Tuesday, October 16, 2007

Teen Girl Squad....Sigh.

Amy and I had the girls' class on Wednesday. It went surprisingly well. We again had them basically plan the class. The best part was probably the activity that Miranda had planned--they all got to decorate prayer journals (now will they use them...?). The girls who led the discussion had actually read the chapter this time--also helpful. Reagan led singing, and picked songs that the girls all knew (though one of them, "The Steadfast Love of the Lord," is really hard to do without men). The only really rough part was at the end where it was time to assign tasks for next time--there were way more girls than jobs, and, unlike last time, EVERYONE wanted to do something. They were all shouting out what they wanted to do, and I lost track of what was going on and ended up stiffing Miranda in favor of Katy. This was unintentional, though I wanted to make sure Katey did something, since she hadn't yet (and this was our second class that they ran). Miranda's mom emailed me the next day to tell me that Miranda was kind of upset. I emailed Amy--we need to figure out a better way to do this so that everyone gets a turn to do everything, and also so that I don't end up upsetting people. Really, the smart thing to do would have been to schedule for the next two times at once, so that all eight or so girls could have seen each of their names up there. I'm sure they are aware that they will have a chance next month, but being able to see that might have helped. Oh well, better luck next time, I hope.

Sunday, October 7, 2007

The Power and The Glory

Bethany lent me The Power and the Glory, by Graham Greene. I'm really enjoying it, most especially the introduction, which contains the following intriguing note: "The Power and the Glory was born of a journey to Mexico in the winter of 1937-38 undertaken for quite other motives than a novel. It was not a very happy journey, clouded politically because England was about to break off diplomatic relations with Mexico and personally because a rather odd libel action had been brought against me by Miss Shirley Temple, the child film star." WHAT, I wonder, made Shirley Temple sue Graham Greene for libel? It might have something to do with one of his other books--this is the first one of his that I've read. The book is an interesting study of a piece of history I was completely unaware of. Apparently, during the late thirties, Catholicism was banned in Mexico (or in parts of it?). Priests were killed, and churches were converted to community centers. The book describes one church where the government painted over murals of saints, replacing them with images of priests feeling up little girls at a first communion party and getting drunk on the communion wine. I had no idea that Catholicism was ever illegal in Mexico; it runs contrary to everything I had ever thought or assumed about that country. Greene shows a country where the people are entirely desperate for God, but also very afraid--you could get thrown into prison for little things, like possessing a cross or a book about saints. In one touching scene, a rogue priest is talking to a man who very clearly plans to turn him in. The man tries to get the priest to hears his confession.

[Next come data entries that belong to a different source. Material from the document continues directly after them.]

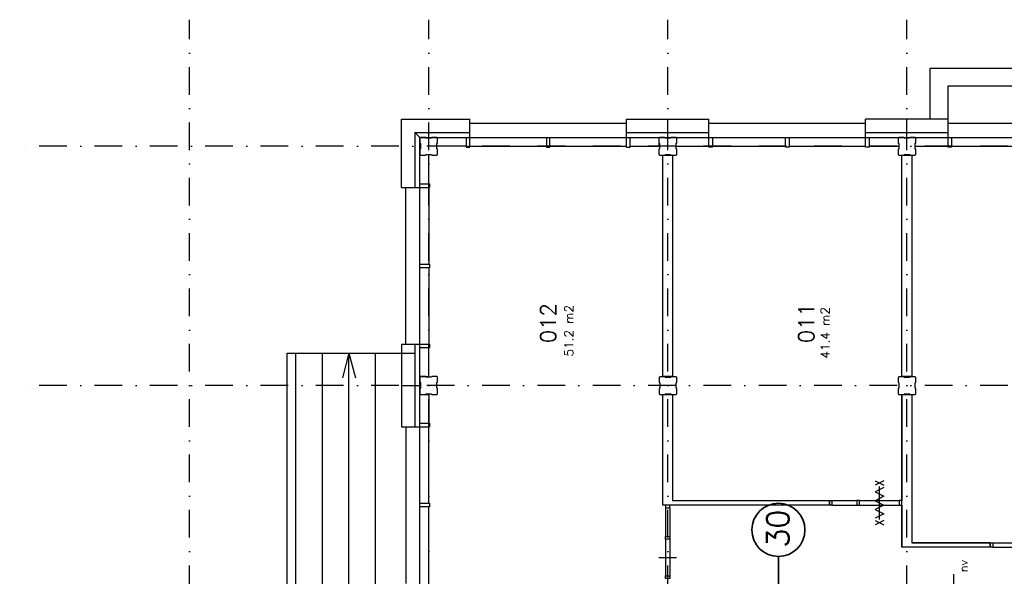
# Model space of a CAD drawing. Extents: x 36324 to 146208, y -50294 to 26426.
# Tile 6 of 39: x 36324 to 58564, y -1510 to 11056. Entities that reach past the tile are written whole.
import ezdxf
from ezdxf.enums import TextEntityAlignment as Align

# ---------------------------------------------------------------- set-up
doc = ezdxf.new("R2010")
doc.units = 0
doc.header["$LTSCALE"] = 100
doc.linetypes.add('B0302', pattern=[12.5, 6.25, -3.125, 0, -3.125])
doc.linetypes.add('B0804', pattern=[15, 10, -1, 1, -1, 1, -1])
for name, color, linetype in [('Bouwkundig', 253, 'CONTINUOUS'), ('Bouwkundig tekst', 252, 'CONTINUOUS'), ('Stramien', 252, 'B0302')]:
    doc.layers.add(name, color=color, linetype=linetype)
doc.layers.add('brandscheiding', color=40, linetype='B0804', lineweight=35)
doc.styles.add('bouwk tekst', font='romans.shx')
doc.styles.get("Standard").update_dxf_attribs({"font": 'romans.shx'})

msp = doc.modelspace()

# ---------------------------------------------------------------- linework, layer by layer
at = {"layer": 'Bouwkundig', "linetype": 'Continuous'}
for p, q in [((56892.3, 9961.3), (61232.8, 9961.3)), ((56892.3, 8811.3), (56892.3, 9961.3)), ((57292.8, 9561.3), (60832.8, 9561.3)), ((57292.8, 8177.3), (57292.8, 9561.3)), ((44948.3, 7267.3), (44948.3, 8811.3)), ((44948.3, 8811.3), (46492.3, 8811.3)), ((46492.3, 8177.3), (46492.3, 8811.3)), ((50032.3, 8711.3), (46492.3, 8711.3)), ((50032.3, 8177.3), (50032.3, 8811.3)), ((50032.3, 8811.3), (51892.3, 8811.3)), ((50962.3, 8397.3), (50962.3, 8811.3)), ((51892.3, 8177.3), (51892.3, 8811.3)), ((55432.3, 8711.3), (51892.3, 8711.3)), ((55432.3, 8177.3), (55432.3, 8811.3)), ((56362.3, 8811.3), (55432.3, 8811.3)), ((56362.3, 8397.3), (56362.3, 8811.3)), ((57292.8, 8811.3), (56362.8, 8811.3)), ((56362.8, 8397.3), (56362.8, 8811.3)), ((60832.8, 8711.3), (57292.8, 8711.3)), ((45362.3, 8397.2), (45248.3, 8511.2)), ((45248.3, 8511.2), (45248.3, 7267.3)), ((45362.4, 8397.3), (45248.4, 8511.3)), ((45248.4, 8511.3), (46492.3, 8511.3)), ((50032.3, 8511.3), (51892.3, 8511.3)), ((55432.3, 8511.3), (56362.3, 8511.3)), ((56362.8, 8511.3), (57292.8, 8511.3)), ((45362.3, -13403.2), (45362.3, 8397.2)), ((45362.4, 8397.3), (56362.3, 8397.3)), ((45562.4, 8382.3), (45562.4, 8397.3)), ((46412.3, 8397.3), (46412.3, 8177.3)), ((48222.3, 8397.3), (48222.3, 8177.3)), ((48302.3, 8177.3), (48302.3, 8397.3)), ((50112.3, 8177.3), (50112.3, 8397.3)), ((50762.3, 8397.3), (50762.3, 8197.3)), ((51972.3, 8397.3), (51972.3, 8177.3)), ((53622.3, 8177.3), (53622.3, 8397.3)), ((53702.3, 8397.3), (53702.3, 8177.3)), ((55512.3, 8397.3), (55512.3, 8177.3)), ((56362.8, 8397.3), (67362.8, 8397.3)), ((57372.8, 8397.3), (57372.8, 8177.3)), ((45377.4, 8197.2), (45362.3, 8197.2)), ((45562.3, 7347.3), (45562.3, 8012.3)), ((46412.3, 8197.3), (45747.4, 8197.3)), ((46412.3, 8177.3), (46492.3, 8177.3)), ((46492.3, 8197.3), (48222.3, 8197.3)), ((48222.3, 8177.3), (48302.3, 8177.3)), ((48302.3, 8197.3), (50032.3, 8197.3)), ((50032.3, 8177.3), (50112.3, 8177.3)), ((50112.3, 8197.3), (50760.6, 8197.3)), ((51147.4, 8197.3), (51892.3, 8197.3)), ((51972.3, 8177.3), (51892.3, 8177.3)), ((51972.2, 8197.3), (53622.3, 8197.3)), ((53702.3, 8177.3), (53622.3, 8177.3)), ((53702.3, 8197.3), (55432.3, 8197.3)), ((55512.3, 8177.3), (55432.3, 8177.3)), ((55512.3, 8197.3), (56177.4, 8197.3)), ((56547.4, 8197.3), (57292.8, 8197.3)), ((57372.8, 8177.3), (57292.8, 8177.3)), ((57372.7, 8197.3), (59022.8, 8197.3)), ((50852.3, 7997.3), (51072.3, 7997.3)), ((56252.3, 7997.3), (56472.3, 7997.3)), ((45362.3, 7347.3), (45582.3, 7347.3)), ((45582.3, 7347.3), (45582.3, 7267.3)), ((44948.3, 7267.3), (45582.3, 7267.3)), ((45048.3, 3727.3), (45048.3, 7267.3)), ((45562.3, 7267.3), (45562.3, 5537.3)), ((45362.3, 5537.3), (45582.3, 5537.3)), ((45582.3, 5457.3), (45362.3, 5457.3)), ((45562.3, 5457.3), (45562.3, 3727.3)), ((45582.3, 5537.3), (45582.3, 5457.3)), ((44948.3, 3727.3), (44948.3, 1867.3)), ((44948.3, 3727.3), (45582.3, 3727.3)), ((45248.3, 3727.3), (45248.3, 1867.3)), ((45582.3, 3647.3), (45362.3, 3647.3)), ((45562.3, 2997.3), (45562.3, 3647.3)), ((45582.3, 3727.3), (45582.3, 3647.3)), ((42362.3, -8633.2), (42362.3, 3527.3)), ((42362.3, 3527.3), (45248.3, 3527.3)), ((42562.3, -7042.7), (42562.3, 3527.3)), ((43162.3, -3432.7), (43162.3, 3527.3)), ((43762.3, 3527.3), (43612.3, 2968.3)), ((43762.3, -3432.7), (43762.3, 3527.3)), ((43762.3, 3527.3), (43912.3, 2968.3)), ((44362.3, -3432.7), (44362.3, 3527.3)), ((45362.3, 2997.3), (45562.3, 2997.3)), ((44948.3, 2794.4), (45362.3, 2794.4)), ((45362.3, 2597.3), (45562.3, 2597.3)), ((45562.3, 2597.3), (45562.3, 1947.3)), ((44948.3, 1867.3), (45582.3, 1867.3)), ((45048.3, 1867.3), (45048.3, -1672.7)), ((45362.3, 1947.3), (45582.3, 1947.3)), ((45562.3, 137.3), (45562.3, 1867.3)), ((45582.3, 1947.3), (45582.3, 1867.3)), ((45362.3, 137.3), (45582.3, 137.3)), ((45582.3, 57.3), (45362.3, 57.3)), ((45562.3, -1672.7), (45562.3, 57.3)), ((45582.3, 137.3), (45582.3, 57.3)), ((57427.4, -1826.7, 2600), (57427.4, -1465, 2600))]:
    msp.add_line(p, q, dxfattribs=at)
for points in [[(45362.9, 8012.3), (45377.9, 7997.3), (45492.9, 7997.3), (45500.9, 8012.3), (45625.9, 8012.3), (45630.9, 7997.3), (45747.9, 7997.3), (45762.9, 8012.3), (45762.9, 8131.3), (45747.9, 8139.3), (45747.9, 8264.3), (45762.9, 8269.3), (45762.9, 8382.3), (45747.9, 8397.3), (45632.9, 8397.3), (45624.9, 8382.3), (45499.9, 8382.3), (45494.9, 8397.3), (45377.9, 8397.3), (45362.9, 8382.3), (45362.9, 8271.3), (45377.9, 8263.3), (45377.9, 8138.3), (45362.9, 8133.3), (45362.9, 8012.3)], [(50763.9, 8012.5), (50778.9, 7997.5), (50893.9, 7997.5), (50901.9, 8012.5), (51026.9, 8012.5), (51031.9, 7997.5), (51148.9, 7997.5), (51163.9, 8012.5), (51163.9, 8131.5), (51148.9, 8139.5), (51148.9, 8264.5), (51163.9, 8269.5), (51163.9, 8382.5), (51148.9, 8397.5), (51033.9, 8397.5), (51025.9, 8382.5), (50900.9, 8382.5), (50895.9, 8397.5), (50778.9, 8397.5), (50763.9, 8382.5), (50763.9, 8271.5), (50778.9, 8263.5), (50778.9, 8138.5), (50763.9, 8133.5), (50763.9, 8012.5)], [(56163.9, 8012.8), (56178.9, 7997.8), (56293.9, 7997.8), (56301.9, 8012.8), (56426.9, 8012.8), (56431.9, 7997.8), (56548.9, 7997.8), (56563.9, 8012.8), (56563.9, 8131.8), (56548.9, 8139.8), (56548.9, 8264.8), (56563.9, 8269.8), (56563.9, 8382.8), (56548.9, 8397.8), (56433.9, 8397.8), (56425.9, 8382.8), (56300.9, 8382.8), (56295.9, 8397.8), (56178.9, 8397.8), (56163.9, 8382.8), (56163.9, 8271.8), (56178.9, 8263.8), (56178.9, 8138.8), (56163.9, 8133.8), (56163.9, 8012.8)], [(50852.3, 2997.3), (50852.3, 7997.3)], [(51072.3, 7997.3), (51072.3, 2997.3)], [(56252.3, 2997.3), (56252.3, 7997.3)], [(56472.3, 7997.3), (56472.3, 2997.3)], [(45362.3, 2612.3), (45377.3, 2597.3), (45492.3, 2597.3), (45500.3, 2612.3), (45625.3, 2612.3), (45630.3, 2597.3), (45747.3, 2597.3), (45762.3, 2612.3), (45762.3, 2731.3), (45747.3, 2739.3), (45747.3, 2864.3), (45762.3, 2869.3), (45762.3, 2982.3), (45747.3, 2997.3), (45632.3, 2997.3), (45624.3, 2982.3), (45499.3, 2982.3), (45494.3, 2997.3), (45377.3, 2997.3), (45362.3, 2982.3), (45362.3, 2871.3), (45377.3, 2863.3), (45377.3, 2738.3), (45362.3, 2733.3), (45362.3, 2612.3)], [(50767.4, 2608.3), (50782.4, 2593.3), (50897.4, 2593.3), (50905.4, 2608.3), (51030.4, 2608.3), (51035.4, 2593.3), (51152.4, 2593.3), (51167.4, 2608.3), (51167.4, 2727.3), (51152.4, 2735.3), (51152.4, 2860.3), (51167.4, 2865.3), (51167.4, 2978.3), (51152.4, 2993.3), (51037.4, 2993.3), (51029.4, 2978.3), (50904.4, 2978.3), (50899.4, 2993.3), (50782.4, 2993.3), (50767.4, 2978.3), (50767.4, 2867.3), (50782.4, 2859.3), (50782.4, 2734.3), (50767.4, 2729.3), (50767.4, 2608.3)], [(51072.3, 2997.3), (50852.3, 2997.3)], [(56167.4, 2608.3), (56182.4, 2593.3), (56297.4, 2593.3), (56305.4, 2608.3), (56430.4, 2608.3), (56435.4, 2593.3), (56552.4, 2593.3), (56567.4, 2608.3), (56567.4, 2727.3), (56552.4, 2735.3), (56552.4, 2860.3), (56567.4, 2865.3), (56567.4, 2978.3), (56552.4, 2993.3), (56437.4, 2993.3), (56429.4, 2978.3), (56304.4, 2978.3), (56299.4, 2993.3), (56182.4, 2993.3), (56167.4, 2978.3), (56167.4, 2867.3), (56182.4, 2859.3), (56182.4, 2734.3), (56167.4, 2729.3), (56167.4, 2608.3)], [(56472.3, 2997.3), (56252.3, 2997.3)], [(50852.3, 2597.3), (51072.3, 2597.3)], [(50852.3, 97.3), (50852.3, 2597.3)], [(51072.3, 2597.3), (51072.3, 197.3)], [(56252.3, -852.7), (56252.3, 2597.3)], [(56252.3, 2597.3), (56472.3, 2597.3)], [(56252.3, 2597.3), (56252.3, 197.3)], [(56472.3, 2597.3), (56472.3, -752.7)], [(55645.8, 644.5), (55839.3, 544.5)], [(55839.3, 644.5), (55645.8, 544.5)], [(55839.3, 493.5), (55645.8, 394.5), (55839.3, 295.5), (55645.8, 196.5), (55839.3, 97.5), (55645.8, -1.5), (55839.3, -100.5), (55645.8, -199.5)], [(55742.3, -225.5), (55742.3, 519.5)], [(55742.3, -52.5), (55742.3, 147.5), (55742.3, 347.5)], [(55742.3, -52.7), (55742.3, 147.3), (55742.3, 347.3)], [(54612.3, 97.3), (50852.3, 97.3)], [(51072.3, 97.3), (50852.3, 97.3)], [(50912.3, 37.5), (50912.3, -612.7)], [(51012.1, 37.5), (51012.1, -612.7)], [(51072.3, 197.3), (54612.3, 197.3)], [(54612.3, 97.3), (51072.3, 97.3)], [(54612.3, 197.3), (54612.3, 97.3)], [(54672.1, 197.3), (55232.3, 197.3)], [(54672.1, 97.5), (55232.3, 97.5)], [(55292.1, 197.3), (56192.6, 197.3)], [(55292.1, 97.5), (56192.6, 97.5)], [(56252.3, 97.3), (56252.3, -852.7)], [(55645.8, -250.5), (55839.3, -350.5)], [(55839.3, -250.5), (55645.8, -350.5)], [(50912.3, -672.5), (50912.3, -1503)], [(51012.1, -672.5), (51012.1, -1503)], [(58242.8, -852.7), (56252.3, -852.7)], [(56472.3, -852.7), (56252.3, -852.7)], [(58242.8, -752.7), (56472.3, -752.7)], [(56472.3, -752.7), (58242.3, -752.7)], [(58242.3, -852.7), (56472.3, -852.7)], [(58242.3, -752.7), (58242.3, -852.7)], [(58242.8, -852.7), (58242.8, -752.7)], [(58302.6, -752.7), (58862.8, -752.7)], [(58302.6, -852.5), (58862.8, -852.5)], [(50762.3, -1087.7), (50962.3, -1087.7), (51162.3, -1087.7)], [(50762.8, -1087.7), (50962.8, -1087.7), (51162.8, -1087.7)]]:
    msp.add_lwpolyline(points, dxfattribs=at)
for points in [[(50912.3, 97.3), (50912.3, 37.5), (51012.1, 37.5), (51012.1, 97.3)], [(54612.3, 197.3), (54672.1, 197.3), (54672.1, 97.5), (54612.3, 97.5)], [(55292.1, 197.3), (55232.3, 197.3), (55232.3, 97.5), (55292.1, 97.5)], [(56252.3, 197.3), (56192.6, 197.3), (56192.6, 97.5), (56252.3, 97.5)], [(50912.3, -672.5), (50912.3, -612.7), (51012.1, -612.7), (51012.1, -672.5)], [(58242.8, -752.7), (58302.6, -752.7), (58302.6, -852.5), (58242.8, -852.5)], [(50912.3, -1562.7), (50912.3, -1503), (51012.1, -1503), (51012.1, -1562.7)]]:
    msp.add_lwpolyline(points, close=True, dxfattribs=at)
at = {"layer": 'brandscheiding'}
msp.add_line((53462.3, -2062.7), (53462.3, -1062.7), dxfattribs=at)
at = {"layer": 'brandscheiding', "linetype": 'Continuous'}
msp.add_circle((53462.3, -462.7), 600, dxfattribs=at)
at = {"layer": 'Stramien'}
for p, q in [((40162.8, -40641.2), (40162.8, 11055.6)), ((45562.8, -40641.2), (45562.8, 11055.6)), ((50962.8, -40641.2), (50962.8, 11055.6)), ((56362.8, -40641.2), (56362.8, 11055.6)), ((133648.8, 8196.8), (36324.1, 8196.8)), ((133648.8, 2796.8), (36324.1, 2796.8))]:
    msp.add_line(p, q, dxfattribs=at)

# ---------------------------------------------------------------- texts
at = {"layer": 'Bouwkundig tekst', "linetype": 'Continuous'}
for s, p in [('012', (48436.3, 3756.3)), ('011', (54266.3, 3756.3))]:
    msp.add_text(s, height=350, rotation=90, dxfattribs=at).set_placement(p)
msp.add_text('nv', height=185.94, rotation=90, dxfattribs=at).set_placement((57642.9, -1280.3, 2600), align=Align.MIDDLE)
at = {"layer": 'Bouwkundig tekst', "linetype": 'Continuous', "char_height": 200, "width": 1805, "attachment_point": 1, "rotation": 90, "style": 'bouwk tekst'}
for s, insert in [('51.2 m2', (48629.3, 3451.4)), ('41.4 m2', (54419.3, 3403.4))]:
    msp.add_mtext(s, dxfattribs=dict(at, insert=insert))
at = {"layer": 'brandscheiding', "linetype": 'Continuous'}
msp.add_text('30', height=500, rotation=90, dxfattribs=at).set_placement((53698.9, -860.4))

doc.saveas('drawing.dxf')

"He [the man who is confessing] had an immense self-importance: he was unable to picture a world of which he was only a typical part--a world of treachery, violence, and lust in which his shame was altogether insignificant. How often the priest had heard the same confession--Man was so limited: he hadn't even the ingenuity to invent a new vice: the animals knew as much. It was for this world that Christ had died: the more evil you saw and heard around you, the greater glory lay around the death: it was too easy to die for what was good or beautiful, for home or children or a civilization. It needed a God to die for the half-hearted and corrupt."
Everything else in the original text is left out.